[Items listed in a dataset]
>>>>

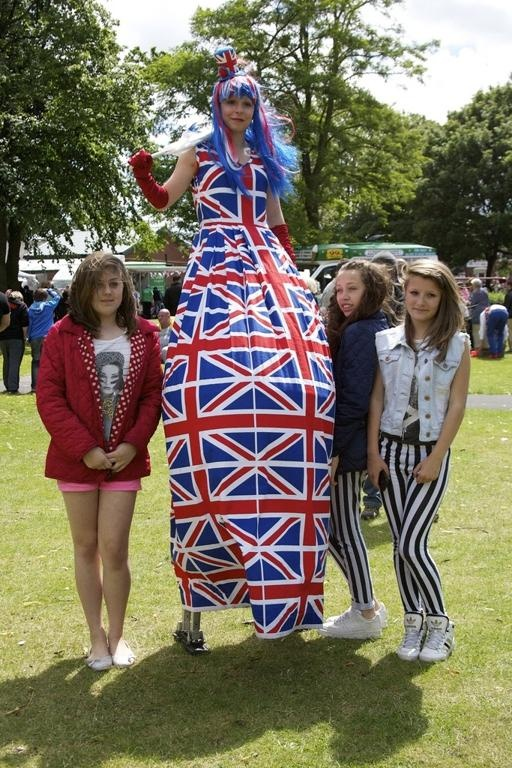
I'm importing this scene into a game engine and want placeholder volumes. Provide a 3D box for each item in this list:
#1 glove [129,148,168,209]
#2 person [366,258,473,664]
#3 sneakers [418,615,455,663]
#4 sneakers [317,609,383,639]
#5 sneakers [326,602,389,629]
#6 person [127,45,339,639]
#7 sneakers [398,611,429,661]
[{"bbox_3d":[-0.435,-0.827,3.041,0.140,0.237,0.080,-9,40,0],"label":"glove"},{"bbox_3d":[0.658,0.288,2.980,0.343,1.548,0.438,-1,8,-26],"label":"person"},{"bbox_3d":[0.697,0.990,2.871,0.085,0.102,0.243,-3,-5,13],"label":"sneakers"},{"bbox_3d":[0.404,1.003,3.202,0.317,0.133,0.121,1,-1,2],"label":"sneakers"},{"bbox_3d":[0.406,0.983,3.211,0.323,0.116,0.103,-1,-2,-15],"label":"sneakers"},{"bbox_3d":[-0.076,-0.232,2.867,0.773,2.239,0.938,1,7,-11],"label":"person"},{"bbox_3d":[0.617,0.996,2.952,0.075,0.101,0.219,-10,6,18],"label":"sneakers"}]
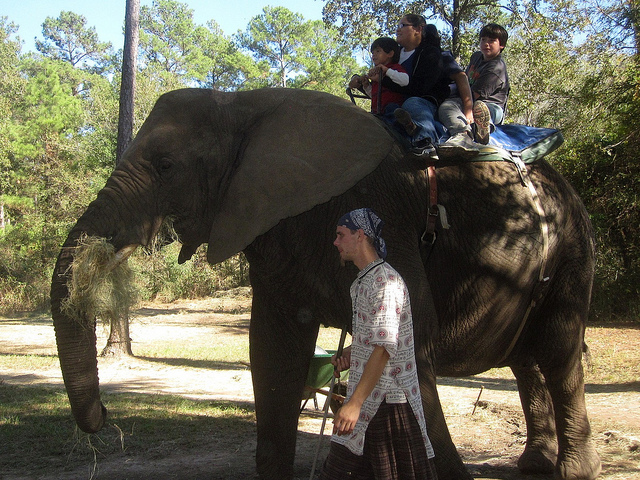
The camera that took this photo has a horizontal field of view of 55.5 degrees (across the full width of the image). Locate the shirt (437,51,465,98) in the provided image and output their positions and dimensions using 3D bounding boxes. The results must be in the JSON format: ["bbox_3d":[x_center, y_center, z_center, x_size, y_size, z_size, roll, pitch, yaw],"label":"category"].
[{"bbox_3d":[1.178,-1.486,5.454,0.170,0.445,0.399,-8,-5,10],"label":"shirt"}]

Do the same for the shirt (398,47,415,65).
[{"bbox_3d":[0.770,-1.660,5.458,0.125,0.198,0.172,1,-1,8],"label":"shirt"}]

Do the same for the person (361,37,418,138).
[{"bbox_3d":[0.563,-1.260,5.325,0.367,1.205,0.424,9,-17,-23],"label":"person"}]

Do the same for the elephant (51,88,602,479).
[{"bbox_3d":[0.319,0.473,5.059,4.530,3.595,2.030,2,-1,-20],"label":"elephant"}]

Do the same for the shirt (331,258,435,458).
[{"bbox_3d":[0.440,0.794,4.041,0.394,1.376,0.978,3,-5,-29],"label":"shirt"}]

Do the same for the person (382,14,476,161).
[{"bbox_3d":[0.891,-1.277,5.365,0.783,1.555,0.646,-1,-12,15],"label":"person"}]

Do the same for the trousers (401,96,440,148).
[{"bbox_3d":[0.852,-1.007,4.960,0.343,0.462,0.331,-7,15,-13],"label":"trousers"}]
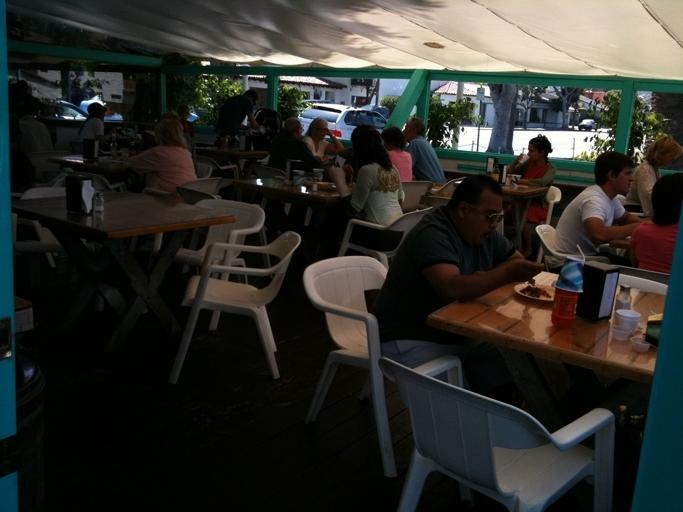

<<<<

PROBLEM DETAILS: Although the records contain pictures, the copy should hold only their text, reproduced exactly.

OUTPUT:
I'm importing this scene into a game engine and want placeholder volumes. Provide a 3D box for each item in this list:
#1 glove [129,148,168,209]
#2 person [366,258,473,664]
#3 sneakers [418,615,455,663]
#4 sneakers [317,609,383,639]
#5 sneakers [326,602,389,629]
#6 person [127,45,339,639]
#7 sneakers [398,611,429,661]
[{"bbox_3d":[-0.435,-0.827,3.041,0.140,0.237,0.080,-9,40,0],"label":"glove"},{"bbox_3d":[0.658,0.288,2.980,0.343,1.548,0.438,-1,8,-26],"label":"person"},{"bbox_3d":[0.697,0.990,2.871,0.085,0.102,0.243,-3,-5,13],"label":"sneakers"},{"bbox_3d":[0.404,1.003,3.202,0.317,0.133,0.121,1,-1,2],"label":"sneakers"},{"bbox_3d":[0.406,0.983,3.211,0.323,0.116,0.103,-1,-2,-15],"label":"sneakers"},{"bbox_3d":[-0.076,-0.232,2.867,0.773,2.239,0.938,1,7,-11],"label":"person"},{"bbox_3d":[0.617,0.996,2.952,0.075,0.101,0.219,-10,6,18],"label":"sneakers"}]
The camera that took this photo has a horizontal field of view of 55.5 degrees (across the full width of the image). Locate the shirt (437,51,465,98) in the provided image and output their positions and dimensions using 3D bounding boxes. The results must be in the JSON format: ["bbox_3d":[x_center, y_center, z_center, x_size, y_size, z_size, roll, pitch, yaw],"label":"category"].
[{"bbox_3d":[1.178,-1.486,5.454,0.170,0.445,0.399,-8,-5,10],"label":"shirt"}]

Do the same for the shirt (398,47,415,65).
[{"bbox_3d":[0.770,-1.660,5.458,0.125,0.198,0.172,1,-1,8],"label":"shirt"}]

Do the same for the person (361,37,418,138).
[{"bbox_3d":[0.563,-1.260,5.325,0.367,1.205,0.424,9,-17,-23],"label":"person"}]

Do the same for the elephant (51,88,602,479).
[{"bbox_3d":[0.319,0.473,5.059,4.530,3.595,2.030,2,-1,-20],"label":"elephant"}]

Do the same for the shirt (331,258,435,458).
[{"bbox_3d":[0.440,0.794,4.041,0.394,1.376,0.978,3,-5,-29],"label":"shirt"}]

Do the same for the person (382,14,476,161).
[{"bbox_3d":[0.891,-1.277,5.365,0.783,1.555,0.646,-1,-12,15],"label":"person"}]

Do the same for the trousers (401,96,440,148).
[{"bbox_3d":[0.852,-1.007,4.960,0.343,0.462,0.331,-7,15,-13],"label":"trousers"}]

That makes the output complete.